# Foam Cutter Help



## Revenant (Mar 17, 2007)

I would like to do some hotwire foamcutting, and I've seen mention all over the web of people using battery chargers as their transformer/power source. I have 2 coils of nichrome wire left over from a previous project, and a car battery charger to use as a source. The wire's pretty thin, and was sold as hotwire replacement for train-layout guys so I know it's good for cutting. I don't know what guage it is; one is "Pro Hardware SIG" and has the item code SIGSH135, and the thinner one is "Woodland Scenics SubTerrain" code ST1436.

My question: The charger has 3 output settings; 10amp-6Volt, 10a-12V, or 2a-12V; which setting do I want to use? I don't know the resistance of the wire. Do I need to buy a rheostat/pot to further control the voltage? 

My aim is to put together a tabletop "band saw" setup to run sheets across, and then some smaller hand-held bows to shape with.


----------



## Liam (Mar 23, 2007)

Hey Revenant, this is exactly what I have been working on this week. Ideally I would like to go with the HWFF, but until funds free up I'm stuck with a home brew version.

My plan is to use an old Mark model railroad transformer to put power across a guitar string that will be held in place on a PVC contraption. The idea came from the guys at Rocket Team Vatsaas, and their plans for it are here:

http://www.vatsaas.org/rtv/construction/hotwirecutter.aspx

I can't answer your questions about using the battery charger unfortunately, but would be curious to hear how that works if you do try using it. My only thought is that, like you said, you'll probably want a rheostat of some sort to control the heat of the wire. The nice part about the train transformer is that the rheostat is built in already.

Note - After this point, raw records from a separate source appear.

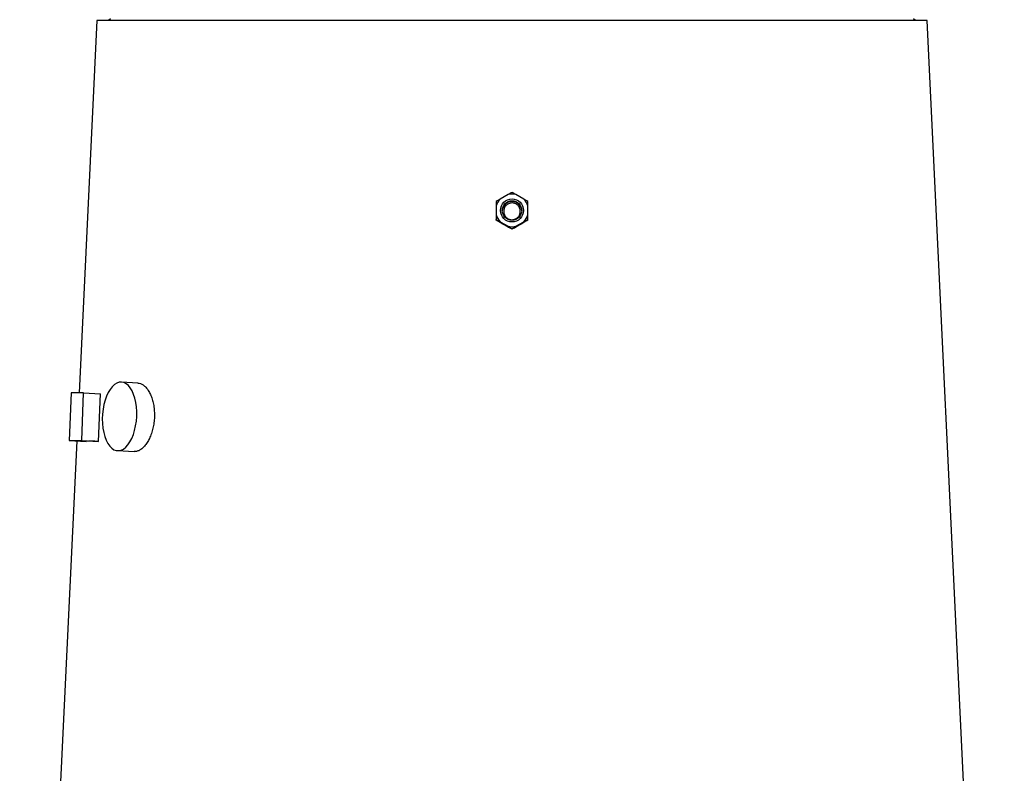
# Model space of a CAD drawing. Extents: x -35 to 1192, y 7 to 1887.
# Tile 12 of 14: x 664 to 1180, y 1006 to 1401. Entities that reach past the tile are written whole.
import ezdxf

# ---------------------------------------------------------------- set-up
doc = ezdxf.new("R2010")
doc.units = 0
doc.layers.get('0').update_dxf_attribs({"linetype": 'CONTINUOUS'})

msp = doc.modelspace()

# ---------------------------------------------------------------- linework, layer by layer
at = {"color": 7, "linetype": 'CONTINUOUS'}
for p, q in [((704.24, 1400.49), (694.85, 1205.25)), ((1139.26, 1400.49), (704.24, 1400.49)), ((711.25, 1401.49), (710.25, 1400.49)), ((1133.25, 1400.49), (1132.25, 1401.49)), ((1179.76, 558.49), (1139.26, 1400.49)), ((919.66, 1309.25), (915.61, 1306.92)), ((927.88, 1306.92), (923.84, 1309.25)), ((913.52, 1303.3), (913.52, 1298.64)), ((929.97, 1298.64), (929.97, 1303.3)), ((913.52, 1295.82), (913.52, 1296.15)), ((915.5, 1294.61), (913.52, 1295.82)), ((929.97, 1295.82), (929.97, 1296.15)), ((915.61, 1295.02), (919.66, 1292.69)), ((921.75, 1291.08), (921.75, 1291.4)), ((923.84, 1292.69), (927.88, 1295.02)), ((725.72, 1210.46), (717.06, 1210.94)), ((690.76, 1205.25), (689.75, 1180.27)), ((697.23, 1205.25), (690.76, 1205.25)), ((696.22, 1180.27), (697.23, 1205.25)), ((697.23, 1205.25), (706.13, 1204.86)), ((704.97, 1179.89), (706.13, 1204.86)), ((693.64, 1180.1), (663.74, 558.49)), ((689.75, 1180.27), (696.22, 1180.27)), ((689.75, 1180.27), (698.5, 1179.89)), ((696.22, 1180.27), (704.97, 1179.89)), ((715.07, 1175), (723.72, 1174.51))]:
    msp.add_line(p, q, dxfattribs=at)
at = {"color": 7, "linetype": 'CONTINUOUS', "flags": 128}
msp.add_lwpolyline([(725.07, 1192.97), (725.08, 1195.47), (724.92, 1197.92), (724.59, 1200.28), (724.09, 1202.49), (723.44, 1204.52), (722.64, 1206.33), (721.72, 1207.87), (720.68, 1209.13), (719.56, 1210.07), (718.37, 1210.67), (717.13, 1210.94), (715.87, 1210.85), (714.61, 1210.41), (713.39, 1209.64), (712.21, 1208.54), (711.11, 1207.14), (710.11, 1205.46), (709.22, 1203.54), (708.47, 1201.41), (707.86, 1199.12), (707.42, 1196.71), (707.14, 1194.22), (707.04, 1191.71), (707.11, 1189.23), (707.35, 1186.82), (707.77, 1184.53), (708.34, 1182.4), (709.07, 1180.48), (709.93, 1178.8), (710.92, 1177.4), (712, 1176.3), (713.16, 1175.52), (714.38, 1175.09), (715.63, 1175), (716.89, 1175.26), (718.13, 1175.87), (719.34, 1176.81), (720.48, 1178.06), (721.53, 1179.61), (722.48, 1181.41), (723.3, 1183.44), (723.98, 1185.65), (724.51, 1188.01), (724.87, 1190.47), (725.07, 1192.97)], dxfattribs=at)
at = {"color": 7, "linetype": 'CONTINUOUS'}
for centre, radius in [((921.75, 1300.96), 6.05), ((921.75, 1300.94), 5.1)]:
    msp.add_circle(centre, radius, dxfattribs=at)
for centre, radius, start, end in [((921.74, 1300.97), 8.54, 135.811, 164.1315), ((921.75, 1300.51), 5.1, 2.4533, 177.5467), ((921.75, 1300.95), 8.56, 75.8649, 104.1351), ((921.76, 1300.97), 8.54, 15.8685, 44.189), ((921.74, 1300.97), 8.54, 195.8689, 224.1882), ((921.76, 1300.97), 8.54, 315.8118, 344.1311), ((921.75, 1300.99), 8.56, 255.8644, 284.1356)]:
    msp.add_arc(centre, radius, start, end, dxfattribs=at)
for centre, major_axis, ratio, start_param, end_param in [((927.96, 1276.68), (223.42, -129.36), 0.036024, 1.627712, 1.647435), ((915.54, 1276.68), (223.42, 129.36), 0.036024, 1.494158, 1.51388), ((922.2, 1170.28), (228.58, -9.3), 0.010879, 2.825524, 2.934949)]:
    msp.add_ellipse(centre, major_axis=major_axis, ratio=ratio, start_param=start_param, end_param=end_param, dxfattribs=at)
for points, knots in [([(915.61, 1306.92), (915.23, 1306.68), (914.87, 1306.46), (914.17, 1306.04), (913.84, 1305.83), (913.52, 1305.63)], [0, 0, 0, 0, 0.5, 0.5, 1, 1, 1, 1]), ([(913.52, 1305.63), (913.52, 1305.28), (913.52, 1304.91), (913.52, 1304.13), (913.52, 1303.73), (913.52, 1303.3)], [0, 0, 0, 0, 0.5, 0.5, 1, 1, 1, 1]), ([(921.75, 1310.38), (921.43, 1310.21), (921.1, 1310.03), (920.4, 1309.66), (920.04, 1309.46), (919.66, 1309.25)], [0, 0, 0, 0, 0.5, 0.5, 1, 1, 1, 1]), ([(923.84, 1309.25), (923.46, 1309.46), (923.1, 1309.65), (922.4, 1310.03), (922.07, 1310.21), (921.75, 1310.38)], [0, 0, 0, 0, 0.5, 0.5, 1, 1, 1, 1]), ([(929.97, 1305.63), (929.65, 1305.83), (929.32, 1306.04), (928.63, 1306.47), (928.26, 1306.69), (927.88, 1306.92)], [0, 0, 0, 0, 0.5, 0.5, 1, 1, 1, 1]), ([(929.97, 1303.3), (929.97, 1303.73), (929.97, 1304.13), (929.97, 1304.91), (929.97, 1305.28), (929.97, 1305.63)], [0, 0, 0, 0, 0.5, 0.5, 1, 1, 1, 1]), ([(918.21, 1297.95), (918.04, 1298.19), (917.9, 1298.44), (917.67, 1298.96), (917.58, 1299.24), (917.46, 1299.79), (917.42, 1300.08), (917.41, 1300.65), (917.43, 1300.94), (917.52, 1301.5), (917.59, 1301.78), (917.79, 1302.31), (917.92, 1302.57), (918.21, 1303.06), (918.38, 1303.29), (918.78, 1303.71), (918.99, 1303.9), (919.45, 1304.24), (919.7, 1304.39), (920.22, 1304.63), (920.49, 1304.72), (921.04, 1304.85), (921.33, 1304.89), (921.9, 1304.91), (922.19, 1304.89), (922.75, 1304.79), (923.03, 1304.71), (923.56, 1304.5), (923.82, 1304.37), (924.3, 1304.06), (924.53, 1303.89), (924.94, 1303.49), (925.13, 1303.27), (925.45, 1302.8), (925.59, 1302.55), (925.82, 1302.03), (925.91, 1301.75), (926.04, 1301.2), (926.07, 1300.91), (926.09, 1300.34), (926.07, 1300.05), (925.98, 1299.49), (925.91, 1299.21), (925.71, 1298.67), (925.58, 1298.42), (925.29, 1297.93), (925.11, 1297.7), (924.73, 1297.28), (924.51, 1297.09), (924.05, 1296.75), (923.8, 1296.6), (923.28, 1296.36), (923.01, 1296.27), (922.45, 1296.14), (922.17, 1296.1), (921.6, 1296.08), (921.31, 1296.1), (920.74, 1296.2), (920.47, 1296.28), (919.94, 1296.48), (919.68, 1296.61), (918.96, 1297.07), (918.53, 1297.48), (918.21, 1297.95)], [0, 0, 0, 0, 0.03125, 0.03125, 0.0625, 0.0625, 0.09375, 0.09375, 0.125, 0.125, 0.15625, 0.15625, 0.1875, 0.1875, 0.21875, 0.21875, 0.25, 0.25, 0.28125, 0.28125, 0.3125, 0.3125, 0.34375, 0.34375, 0.375, 0.375, 0.40625, 0.40625, 0.4375, 0.4375, 0.46875, 0.46875, 0.5, 0.5, 0.53125, 0.53125, 0.5625, 0.5625, 0.59375, 0.59375, 0.625, 0.625, 0.65625, 0.65625, 0.6875, 0.6875, 0.71875, 0.71875, 0.75, 0.75, 0.78125, 0.78125, 0.8125, 0.8125, 0.84375, 0.84375, 0.875, 0.875, 0.90625, 0.90625, 0.9375, 0.9375, 1, 1, 1, 1]), ([(913.52, 1298.64), (913.52, 1298.18), (913.52, 1297.75), (913.52, 1296.93), (913.52, 1296.53), (913.52, 1296.15)], [0, 0, 0, 0, 0.5, 0.5, 1, 1, 1, 1]), ([(913.52, 1296.15), (913.84, 1295.98), (914.49, 1295.63), (915.23, 1295.23), (915.61, 1295.02)], [0, 0, 0, 0, 0.4867026, 1, 1, 1, 1]), ([(927.88, 1295.02), (928.58, 1295.4), (929.31, 1295.79), (929.95, 1296.13), (929.97, 1296.15)], [0, 0, 0, 0, 0.957028, 1, 1, 1, 1]), ([(929.97, 1295.82), (929.67, 1295.64), (929.06, 1295.25), (928.36, 1294.83), (927.99, 1294.61)], [0, 0, 0, 0, 0.485009, 1, 1, 1, 1]), ([(929.97, 1296.15), (929.97, 1296.53), (929.97, 1296.92), (929.97, 1297.75), (929.97, 1298.18), (929.97, 1298.64)], [0, 0, 0, 0, 0.5, 0.5, 1, 1, 1, 1]), ([(919.66, 1292.69), (920.04, 1292.46), (920.4, 1292.24), (921.1, 1291.81), (921.43, 1291.6), (921.75, 1291.4)], [0, 0, 0, 0, 0.5, 0.5, 1, 1, 1, 1]), ([(921.75, 1291.08), (921.3, 1291.32), (920.72, 1291.63), (920.06, 1291.99), (919.91, 1292.07)], [0, 0, 0, 0, 0.765587, 1, 1, 1, 1]), ([(921.75, 1291.4), (922.07, 1291.6), (922.39, 1291.8), (923.09, 1292.23), (923.46, 1292.46), (923.84, 1292.69)], [0, 0, 0, 0, 0.5, 0.5, 1, 1, 1, 1]), ([(923.59, 1292.07), (923.19, 1291.85), (922.54, 1291.5), (921.97, 1291.19), (921.75, 1291.08)], [0, 0, 0, 0, 0.621911, 1, 1, 1, 1]), ([(725.71, 1210.42), (726.13, 1210.38), (727.06, 1210.29), (728.47, 1209.53), (729.88, 1208.3), (731.17, 1206.61), (732.3, 1204.52), (733.21, 1202.08), (733.89, 1199.37), (734.29, 1196.47), (734.41, 1193.45), (734.23, 1190.41), (733.77, 1187.44), (733.03, 1184.61), (732.06, 1182), (730.88, 1179.69), (729.53, 1177.73), (728.06, 1176.19), (726.52, 1175.12), (725.05, 1174.54), (724.13, 1174.55), (723.72, 1174.55)], [0, 0, 0, 0, 0.044499, 0.098008, 0.151519, 0.205118, 0.258717, 0.312454, 0.366191, 0.419901, 0.47361, 0.527169, 0.580727, 0.634248, 0.687769, 0.741424, 0.795078, 0.84883, 0.90258, 0.956242, 1, 1, 1, 1])]:
    msp.add_open_spline(points, degree=3, knots=knots, dxfattribs=at)

doc.saveas('drawing.dxf')

I hope that helps at least a little bit.


----------



## Liam (Mar 23, 2007)

Bah! I'm screwing up all over the place today! The correct spelling is "Marx" for the train transformer, not "Mark." Sorry.


----------



## turtle2778 (Jul 9, 2006)

ookay there are really really cheap versions of HWFF cutters. I think walmart or hobby lobby sells one for like 20 bucks. Granted its not free, but you dont have to "rig" anythign. You can also use a wood engraver for detail work. Just thought i would help you out. I have the HWFF and its great because of the ability to adjust the heat, but i could have gotten by with one of the cheaper ones. It was a gift from my husband. Ill take what i can get.


----------



## Brad Green (Jul 29, 2004)

I took the easy way out by using a soldering gun. Just remove the soldering tip, replace it with two brass rods (the screw terminals that hold the tip in place make this simple), bent in a "squared" 'Z' pattern, and stretch a thin piece of copper wire tightly between them. When you trigger the unit on, it super heats the wire almost instantly. Nice thing about it, you can always put the tip back on if you want to solder.


----------



## Brad Green (Jul 29, 2004)

Managed to find a picture of mine if anyone's interested:

http://img49.imageshack.us/my.php?image=0000023it7.jpg


----------



## Revenant (Mar 17, 2007)

I like the soldergun hack, Brad... I imagine that guy heats up really fast. Tho I'd feel more comfortable with a pistol-grip setup like that if it had a blade element instead of a wire bow... with a bow-type cutter my hand seems steadier with the old "cheese slicer" sort of handle.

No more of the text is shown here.